Aave, one of crypto’s largest decentralized finance (DeFi) protocols, has deployed its native stablecoin GHO on Ethereum’s Goerli testnet, Aave Companies, one of the firms that develops the lending protocol, announced Thursday.
Developers and potential adopters of GHO, pronounced as “go,” can access the stablecoin’s codebase and test how it works before being released to the wider public on the Ethereum blockchain, a press release said.
GHO’s mainnet start is subject to community discussion and approval.
Aave is a lending and borrowing platform that allows users to take out crypto loans or earn yields on their tokens using smart contracts, without third-party oversight. It is managed by a decentralized autonomous organization, Aave DAO, through proposals and community votes.
The protocol's native stablecoin has been highly anticipated among DeFi users since the community overwhelmingly supported its development last August in a governance vote.

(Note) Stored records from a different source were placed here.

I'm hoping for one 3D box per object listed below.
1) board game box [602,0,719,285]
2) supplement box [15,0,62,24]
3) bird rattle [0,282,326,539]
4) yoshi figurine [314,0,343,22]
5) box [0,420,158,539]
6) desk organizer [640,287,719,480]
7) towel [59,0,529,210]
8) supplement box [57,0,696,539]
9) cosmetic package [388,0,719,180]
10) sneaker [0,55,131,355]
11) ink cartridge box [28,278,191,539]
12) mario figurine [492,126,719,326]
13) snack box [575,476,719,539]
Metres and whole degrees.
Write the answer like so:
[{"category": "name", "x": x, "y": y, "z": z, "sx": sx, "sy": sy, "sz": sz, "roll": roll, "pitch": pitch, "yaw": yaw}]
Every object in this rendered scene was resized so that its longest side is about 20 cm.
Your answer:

Read more: DeFi Lender Aave Deploys Version 3 on Ethereum Network
Stablecoins are a novel group of cryptocurrencies, whose value is backed by an outside asset and aims to keep its price linked to a currency – predominantly the U.S. dollar. The asset class has become the backbone of the crypto ecosystem by facilitating trading and transfers between the traditional currencies and digital assets. It has grown to a total market capitalization of $136 billion.

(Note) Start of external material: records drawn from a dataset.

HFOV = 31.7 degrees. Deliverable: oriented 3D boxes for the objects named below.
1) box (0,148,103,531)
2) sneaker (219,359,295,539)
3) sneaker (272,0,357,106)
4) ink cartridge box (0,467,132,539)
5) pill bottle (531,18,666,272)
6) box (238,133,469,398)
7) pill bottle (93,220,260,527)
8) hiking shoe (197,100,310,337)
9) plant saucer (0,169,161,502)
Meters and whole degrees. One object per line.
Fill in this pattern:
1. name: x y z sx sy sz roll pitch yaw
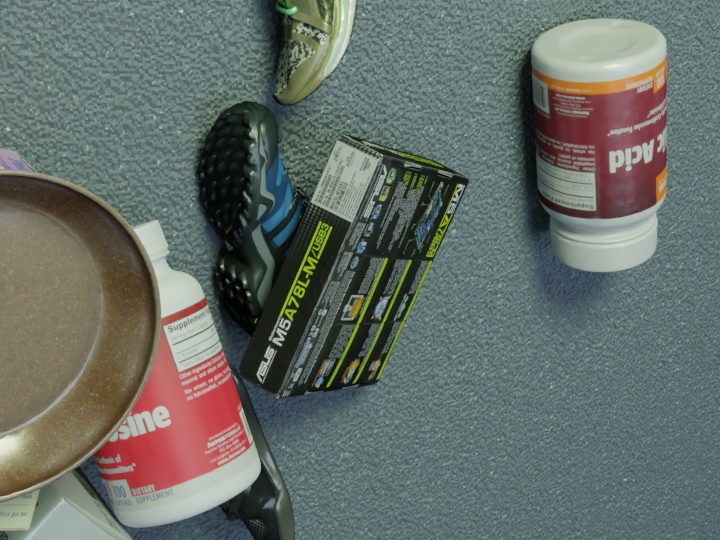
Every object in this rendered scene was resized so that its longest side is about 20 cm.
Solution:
1. box: -0.259 0.035 0.807 0.096 0.176 0.201 9 107 -37
2. sneaker: -0.126 0.169 1.036 0.114 0.076 0.200 -31 123 -17
3. sneaker: -0.047 -0.221 0.914 0.088 0.077 0.201 10 101 -24
4. ink cartridge box: -0.280 0.215 0.900 0.200 0.146 0.083 -47 130 -8
5. pill bottle: 0.211 -0.107 1.109 0.114 0.114 0.201 -23 123 -24
6. box: 0.000 0.000 1.008 0.201 0.047 0.193 -67 160 10
7. pill bottle: -0.153 0.072 0.909 0.112 0.112 0.201 -21 97 -25
8. hiking shoe: -0.070 -0.047 0.979 0.086 0.074 0.201 -26 135 -31
9. plant saucer: -0.210 0.036 0.704 0.200 0.037 0.201 -15 118 -29

Aave’s GHO will face fierce competition as a slew of rival decentralized finance (DeFi) protocols issue or are in the process of crafting their own native stablecoin as a means to attract users at a time when crypto lending is flagging. Currently, DeFi lender Maker’s DAI is the largest decentralized stablecoin with a $5 billion circulation, while Curve, another top protocol, is inching toward launching its native crvUSD stablecoin.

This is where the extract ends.